> **SOURCE RECORDS**
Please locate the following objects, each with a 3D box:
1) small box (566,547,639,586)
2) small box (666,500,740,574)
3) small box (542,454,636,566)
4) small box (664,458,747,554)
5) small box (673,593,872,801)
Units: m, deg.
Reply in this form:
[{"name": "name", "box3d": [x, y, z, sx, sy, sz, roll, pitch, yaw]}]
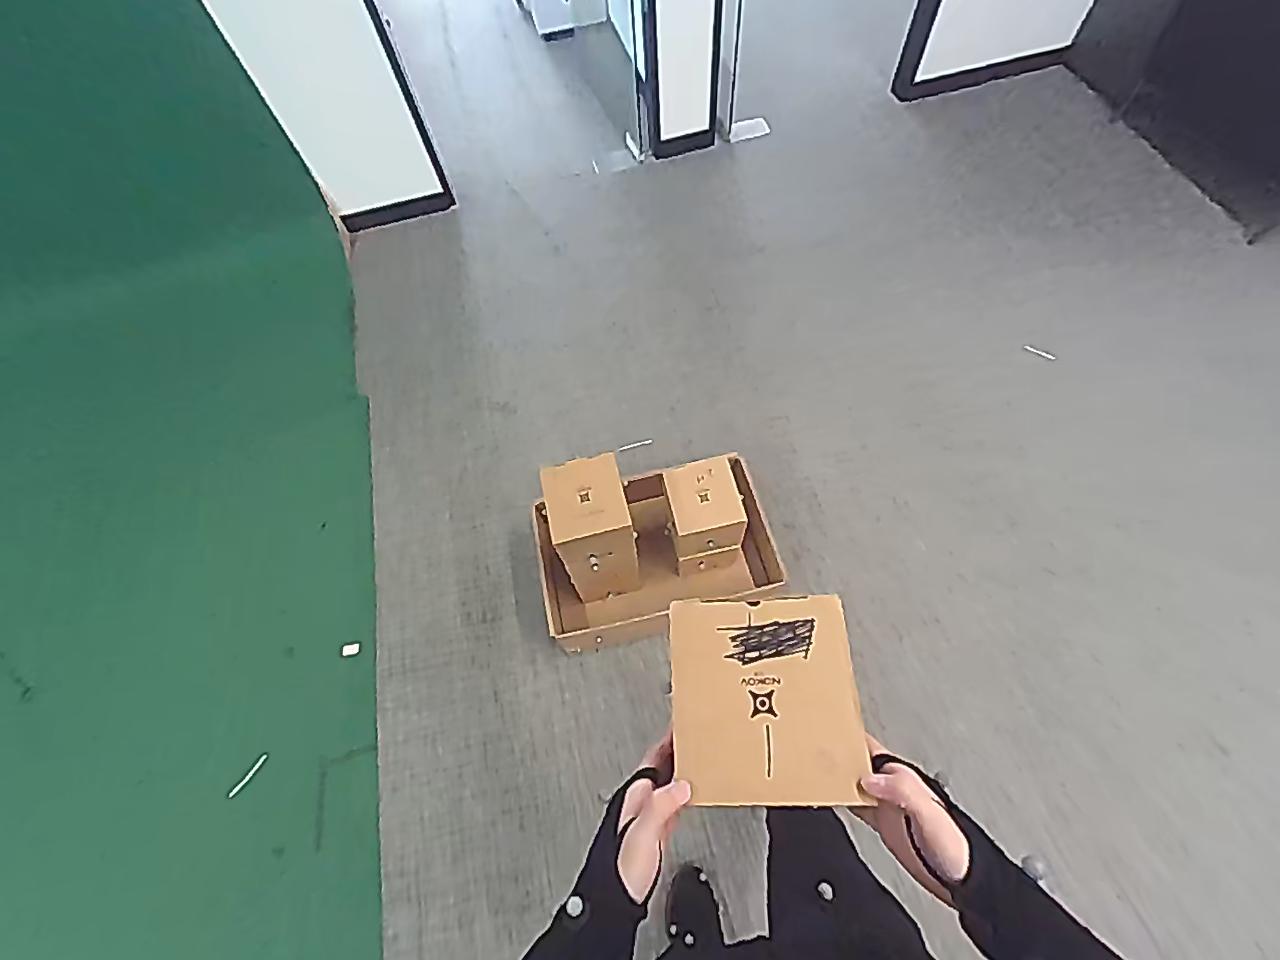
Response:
[{"name": "small box", "box3d": [-0.101, 0.142, 1.333, 0.168, 0.176, 0.179, -14, 63, -3]}, {"name": "small box", "box3d": [0.173, 0.149, 1.495, 0.168, 0.176, 0.179, -13, 63, -1]}, {"name": "small box", "box3d": [-0.108, 0.070, 1.186, 0.168, 0.176, 0.179, -13, 64, -3]}, {"name": "small box", "box3d": [0.161, 0.073, 1.349, 0.168, 0.176, 0.179, -12, 63, -1]}, {"name": "small box", "box3d": [0.119, 0.227, 0.558, 0.168, 0.176, 0.179, -3, 62, 6]}]
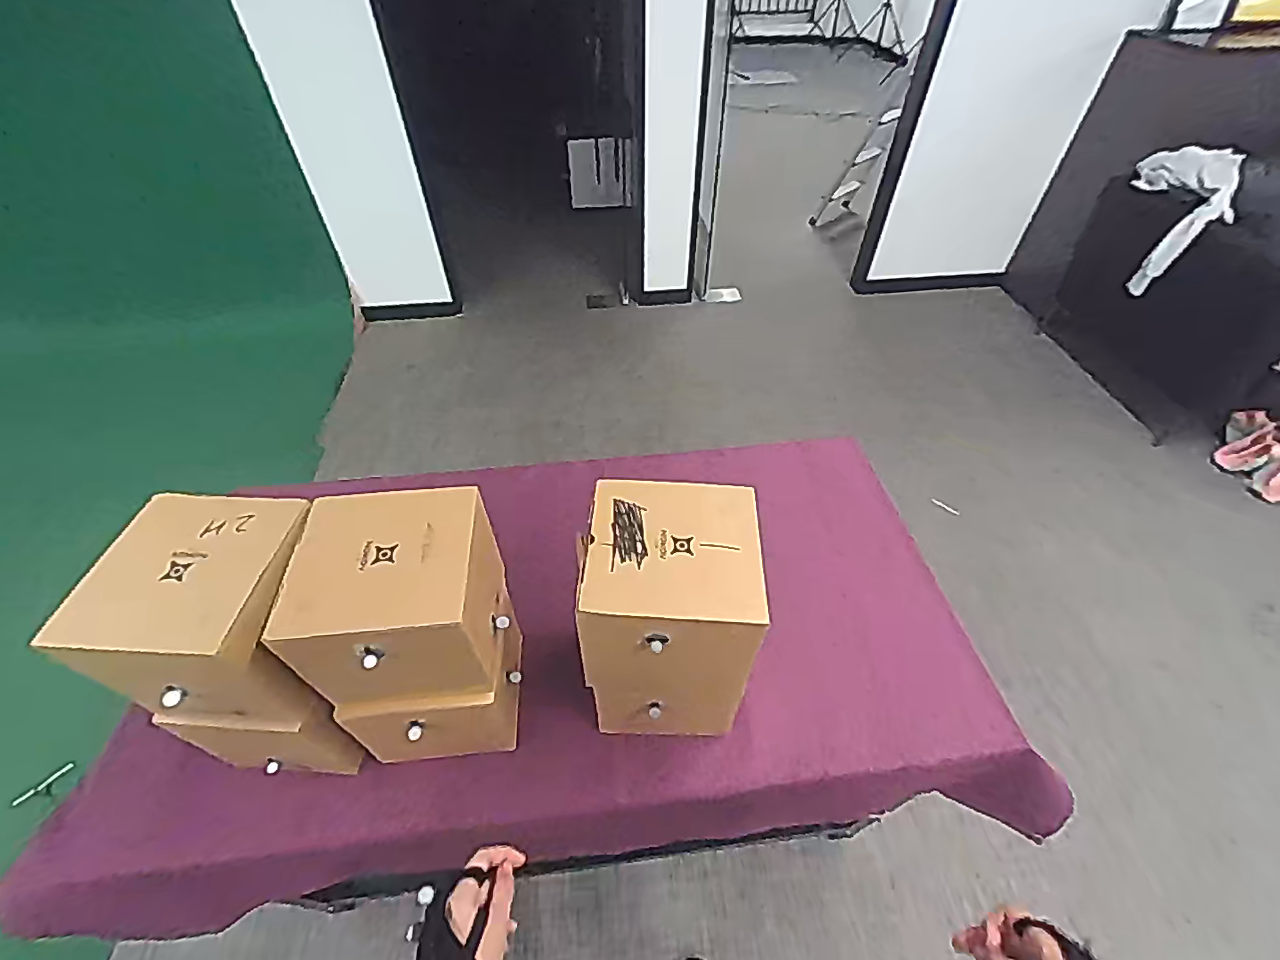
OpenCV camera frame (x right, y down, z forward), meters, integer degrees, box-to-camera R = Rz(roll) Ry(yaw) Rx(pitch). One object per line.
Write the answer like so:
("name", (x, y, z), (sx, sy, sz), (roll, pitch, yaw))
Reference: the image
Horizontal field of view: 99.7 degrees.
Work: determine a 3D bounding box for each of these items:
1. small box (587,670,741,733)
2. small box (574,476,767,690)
("small box", (0.031, 0.222, 0.716), (0.179, 0.176, 0.168), (1, 47, 1))
("small box", (0.031, 0.115, 0.591), (0.179, 0.176, 0.168), (4, 47, 1))
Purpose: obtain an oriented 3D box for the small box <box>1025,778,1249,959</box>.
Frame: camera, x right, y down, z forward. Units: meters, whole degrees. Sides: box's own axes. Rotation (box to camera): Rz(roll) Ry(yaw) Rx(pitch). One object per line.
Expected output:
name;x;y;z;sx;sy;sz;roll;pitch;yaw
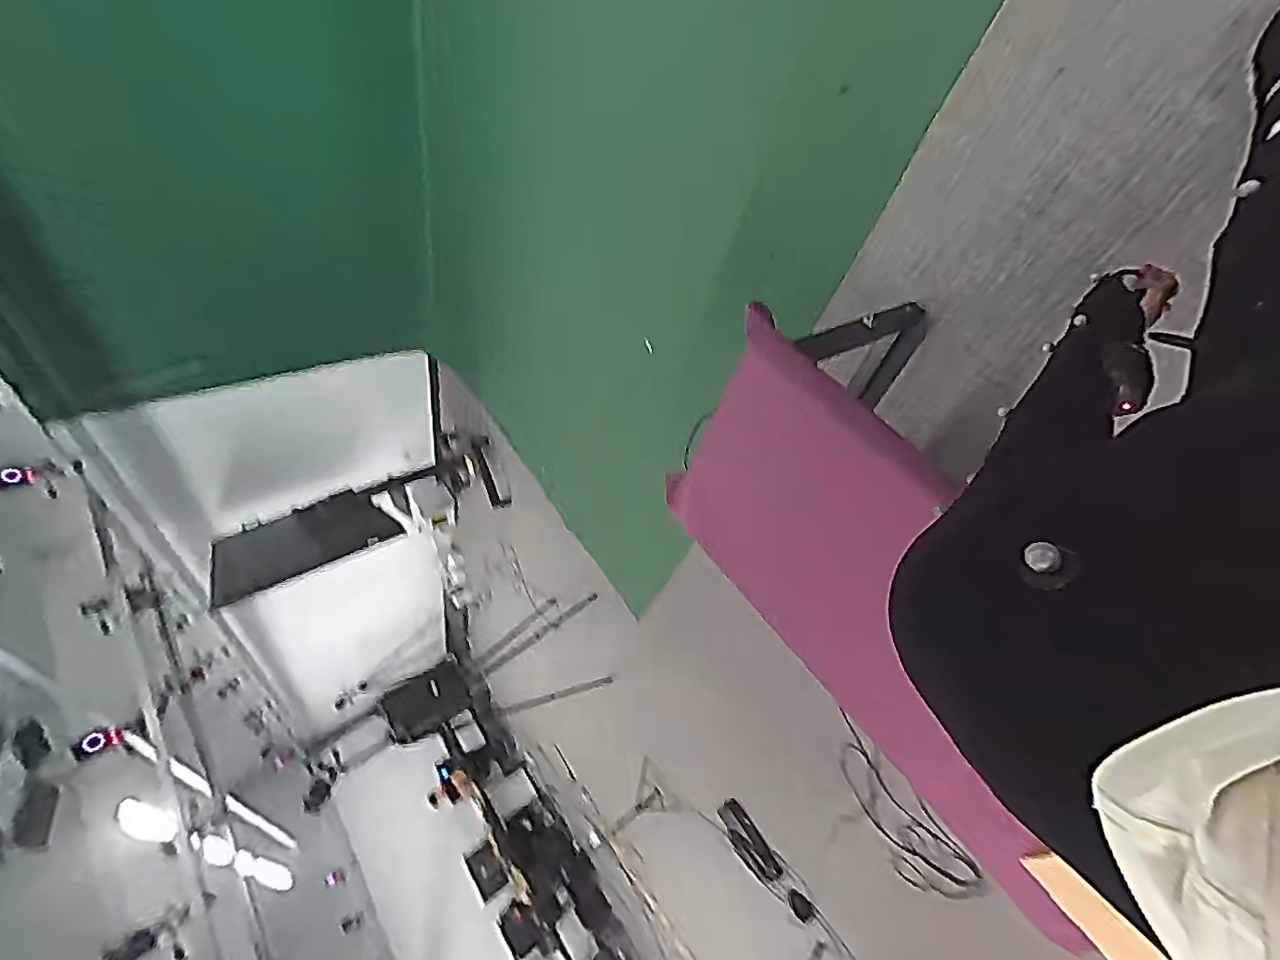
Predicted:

> **TASK REQUIREMENTS**
What is needed is every line from the one with "Frame: camera, x" to the final line of the listing above, set down exactly and with the pictures left out.

> **TASK OUTPUT**
Frame: camera, x right, y down, z forward. Units: meters, whole degrees. Sides: box's own axes. Rotation (box to camera): Rz(roll) Ry(yaw) Rx(pitch). One object per line.
Expected output:
name;x;y;z;sx;sy;sz;roll;pitch;yaw
Predicted:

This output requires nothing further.